Given records: Begin

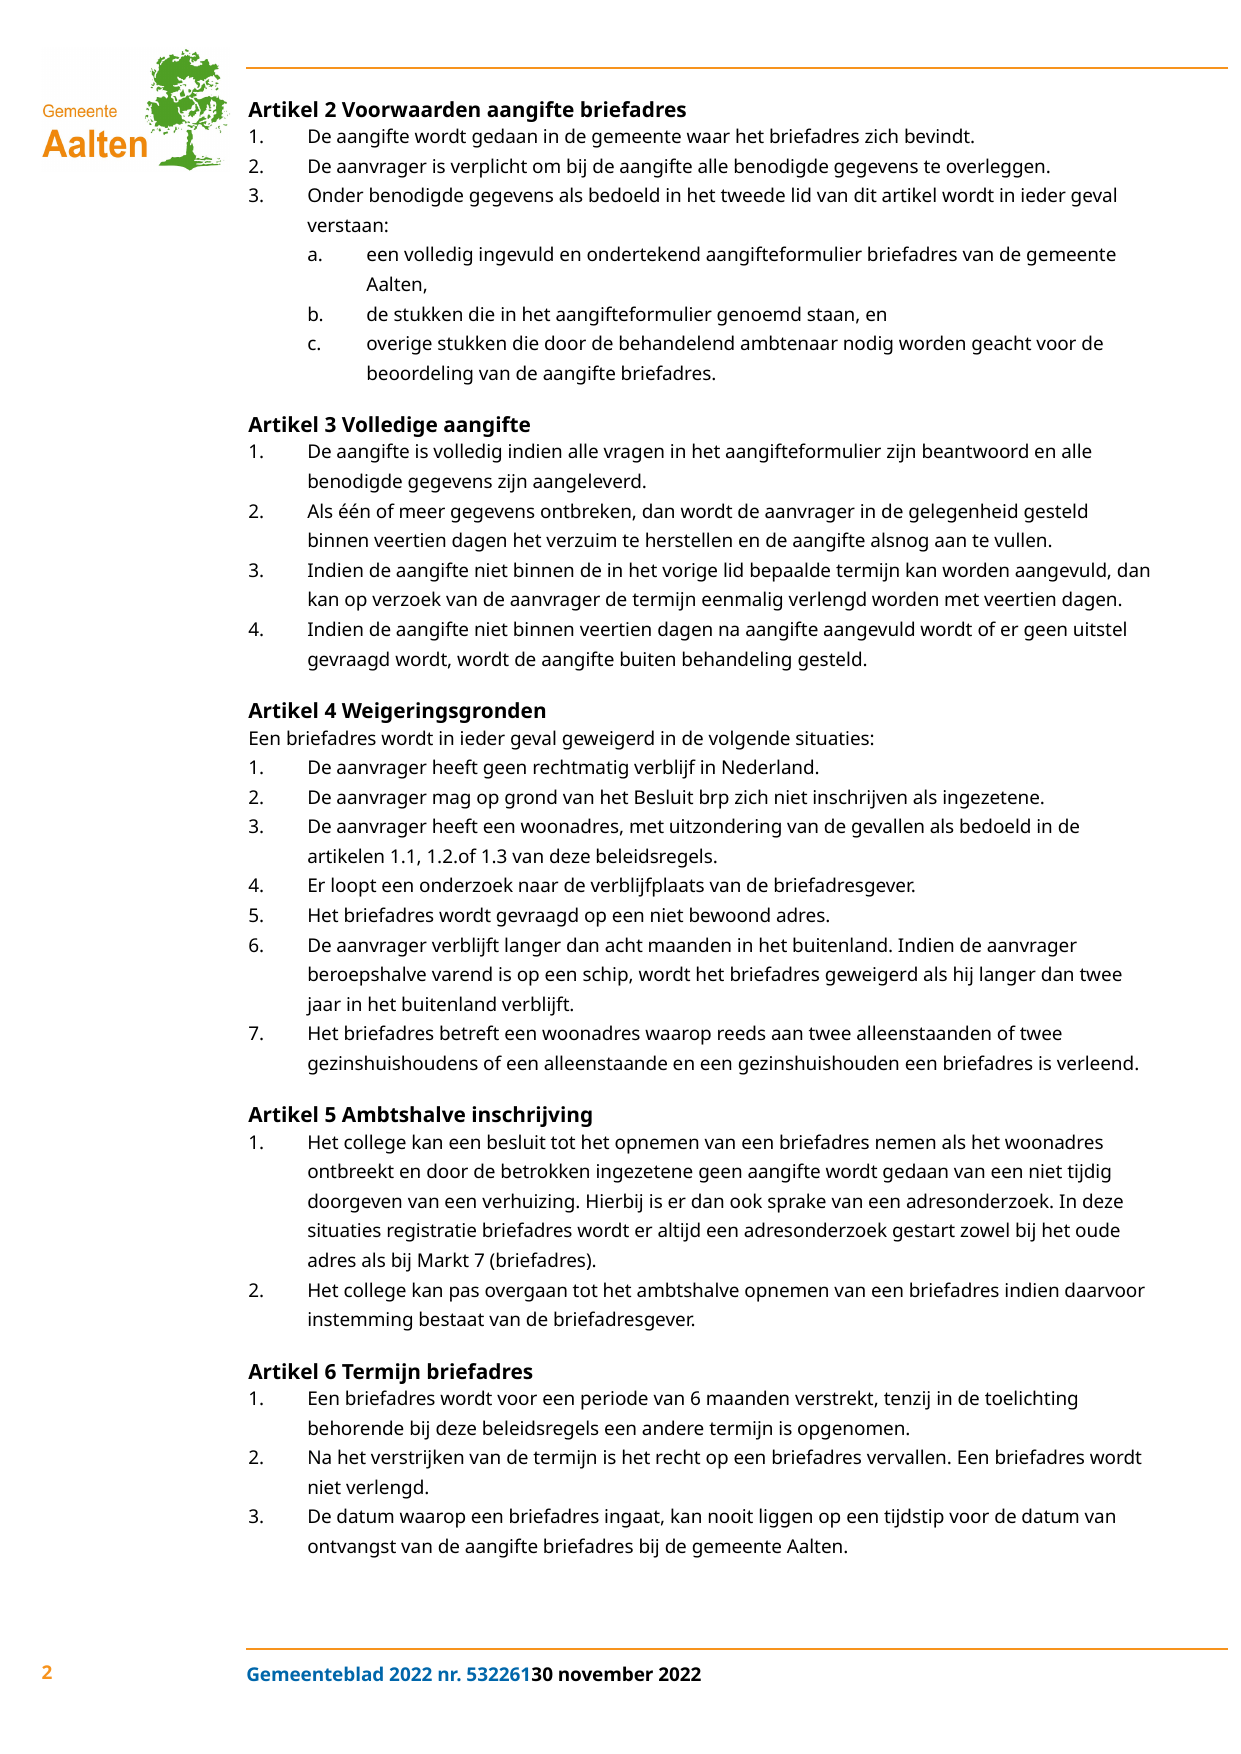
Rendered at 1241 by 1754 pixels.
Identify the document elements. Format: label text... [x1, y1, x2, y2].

list De aanvrager is verplicht om bij de aangifte alle benodigde gegevens te overleggen. [248, 153, 1152, 178]
text Artikel 3 Volledige aangifte [248, 410, 1152, 439]
text Artikel 4 Weigeringsgronden [248, 696, 1152, 725]
list een volledig ingevuld en ondertekend aangifteformulier briefadres van de gemeente Aalten, [307, 242, 1152, 297]
list Het college kan een besluit tot het opnemen van een briefadres nemen als het woonadres ontbreekt en door de betrokken ingezetene geen aangifte wordt gedaan van een niet tijdig doorgeven van een verhuizing. Hierbij is er dan ook sprake van een adresonderzoek. In deze situaties registratie briefadres wordt er altijd een adresonderzoek gestart zowel bij het oude adres als bij Markt 7 (briefadres). [248, 1129, 1152, 1273]
list De aangifte is volledig indien alle vragen in het aangifteformulier zijn beantwoord en alle benodigde gegevens zijn aangeleverd. [248, 439, 1152, 494]
list Als één of meer gegevens ontbreken, dan wordt de aanvrager in de gelegenheid gesteld binnen veertien dagen het verzuim te herstellen en de aangifte alsnog aan te vullen. [248, 498, 1152, 553]
list de stukken die in het aangifteformulier genoemd staan, en [307, 301, 1152, 326]
list Een briefadres wordt voor een periode van 6 maanden verstrekt, tenzij in de toelichting behorende bij deze beleidsregels een andere termijn is opgenomen. [248, 1385, 1152, 1441]
list De aanvrager heeft een woonadres, met uitzondering van de gevallen als bedoeld in de artikelen 1.1, 1.2.of 1.3 van deze beleidsregels. [248, 813, 1152, 869]
list De aangifte wordt gedaan in de gemeente waar het briefadres zich bevindt. [248, 123, 1152, 149]
list Indien de aangifte niet binnen veertien dagen na aangifte aangevuld wordt of er geen uitstel gevraagd wordt, wordt de aangifte buiten behandeling gesteld. [248, 616, 1152, 672]
text Artikel 6 Termijn briefadres [248, 1357, 1152, 1385]
list Het college kan pas overgaan tot het ambtshalve opnemen van een briefadres indien daarvoor instemming bestaat van de briefadresgever. [248, 1277, 1152, 1332]
list Het briefadres wordt gevraagd op een niet bewoond adres. [248, 902, 1152, 928]
list De aanvrager heeft geen rechtmatig verblijf in Nederland. [248, 754, 1152, 780]
list Onder benodigde gegevens als bedoeld in het tweede lid van dit artikel wordt in ieder geval verstaan: [248, 182, 1152, 238]
list Er loopt een onderzoek naar de verblijfplaats van de briefadresgever. [248, 873, 1152, 898]
list Indien de aangifte niet binnen de in het vorige lid bepaalde termijn kan worden aangevuld, dan kan op verzoek van de aanvrager de termijn eenmalig verlengd worden met veertien dagen. [248, 557, 1152, 612]
list Na het verstrijken van de termijn is het recht op een briefadres vervallen. Een briefadres wordt niet verlengd. [248, 1444, 1152, 1500]
text Een briefadres wordt in ieder geval geweigerd in de volgende situaties: [248, 725, 1152, 750]
list Het briefadres betreft een woonadres waarop reeds aan twee alleenstaanden of twee gezinshuishoudens of een alleenstaande en een gezinshuishouden een briefadres is verleend. [248, 1021, 1152, 1076]
text Artikel 2 Voorwaarden aangifte briefadres [248, 95, 1152, 123]
list overige stukken die door de behandelend ambtenaar nodig worden geacht voor de beoordeling van de aangifte briefadres. [307, 330, 1152, 386]
list De datum waarop een briefadres ingaat, kan nooit liggen op een tijdstip voor de datum van ontvangst van de aangifte briefadres bij de gemeente Aalten. [248, 1504, 1152, 1559]
text Artikel 5 Ambtshalve inschrijving [248, 1101, 1152, 1129]
picture [41, 47, 231, 172]
list De aanvrager mag op grond van het Besluit brp zich niet inschrijven als ingezetene. [248, 784, 1152, 809]
list De aanvrager verblijft langer dan acht maanden in het buitenland. Indien de aanvrager beroepshalve varend is op een schip, wordt het briefadres geweigerd als hij langer dan twee jaar in het buitenland verblijft. [248, 932, 1152, 1017]

Given records: End

**Task description**
The lines from the one with "list De datum" through the end of the data above are to be set down exactly, with both boundary lines included and no other lines.

**Output of the task**
list De datum waarop een briefadres ingaat, kan nooit liggen op een tijdstip voor de datum van ontvangst van de aangifte briefadres bij de gemeente Aalten. [248, 1504, 1152, 1559]
text Artikel 5 Ambtshalve inschrijving [248, 1101, 1152, 1129]
picture [41, 47, 231, 172]
list De aanvrager mag op grond van het Besluit brp zich niet inschrijven als ingezetene. [248, 784, 1152, 809]
list De aanvrager verblijft langer dan acht maanden in het buitenland. Indien de aanvrager beroepshalve varend is op een schip, wordt het briefadres geweigerd als hij langer dan twee jaar in het buitenland verblijft. [248, 932, 1152, 1017]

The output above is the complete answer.